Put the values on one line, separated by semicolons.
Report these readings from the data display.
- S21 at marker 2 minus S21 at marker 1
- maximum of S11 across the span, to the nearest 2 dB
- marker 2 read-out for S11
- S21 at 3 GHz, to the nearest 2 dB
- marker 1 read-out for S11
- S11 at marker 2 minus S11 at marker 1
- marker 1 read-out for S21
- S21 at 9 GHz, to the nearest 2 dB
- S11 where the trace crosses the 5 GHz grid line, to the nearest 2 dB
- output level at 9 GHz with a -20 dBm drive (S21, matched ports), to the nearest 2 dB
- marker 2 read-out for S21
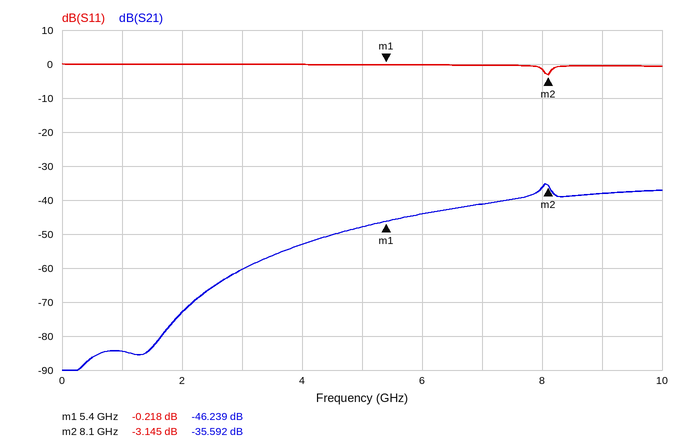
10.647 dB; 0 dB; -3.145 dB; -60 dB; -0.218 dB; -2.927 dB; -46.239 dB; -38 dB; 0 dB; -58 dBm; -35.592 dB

---

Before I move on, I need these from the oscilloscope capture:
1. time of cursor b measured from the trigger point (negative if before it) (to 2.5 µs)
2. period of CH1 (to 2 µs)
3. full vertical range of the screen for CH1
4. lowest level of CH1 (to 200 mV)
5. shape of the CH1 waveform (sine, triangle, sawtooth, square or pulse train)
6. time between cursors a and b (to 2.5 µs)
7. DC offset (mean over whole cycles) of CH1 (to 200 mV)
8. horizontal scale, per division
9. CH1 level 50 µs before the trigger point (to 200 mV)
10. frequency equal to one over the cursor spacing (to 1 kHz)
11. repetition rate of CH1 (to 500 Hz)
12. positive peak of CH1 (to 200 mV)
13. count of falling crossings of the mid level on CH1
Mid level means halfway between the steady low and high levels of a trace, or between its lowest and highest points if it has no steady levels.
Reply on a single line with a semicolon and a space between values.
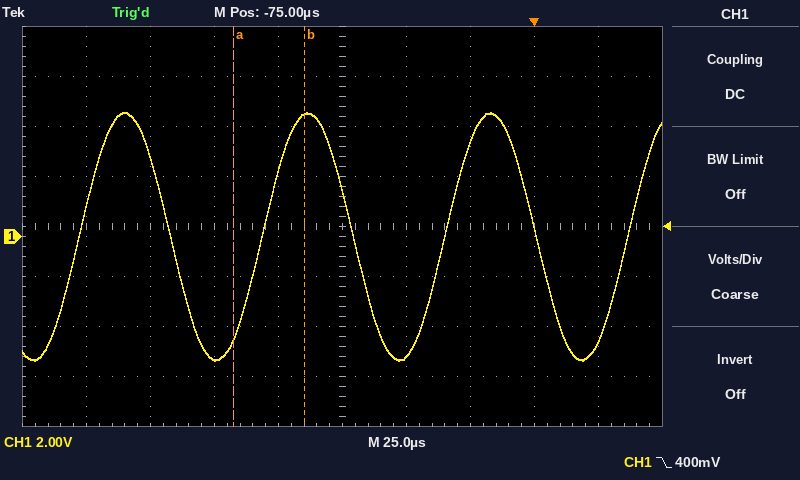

**Work required:** In the listing above, find the line with "3. full vertical range of the screen for CH1" and the line with "Reply on a single", then reproduce both and every line between them exactly.

**Task output:**
3. full vertical range of the screen for CH1
4. lowest level of CH1 (to 200 mV)
5. shape of the CH1 waveform (sine, triangle, sawtooth, square or pulse train)
6. time between cursors a and b (to 2.5 µs)
7. DC offset (mean over whole cycles) of CH1 (to 200 mV)
8. horizontal scale, per division
9. CH1 level 50 µs before the trigger point (to 200 mV)
10. frequency equal to one over the cursor spacing (to 1 kHz)
11. repetition rate of CH1 (to 500 Hz)
12. positive peak of CH1 (to 200 mV)
13. count of falling crossings of the mid level on CH1
Mid level means halfway between the steady low and high levels of a trace, or between its lowest and highest points if it has no steady levels.
Reply on a single line with a semicolon and a space between values.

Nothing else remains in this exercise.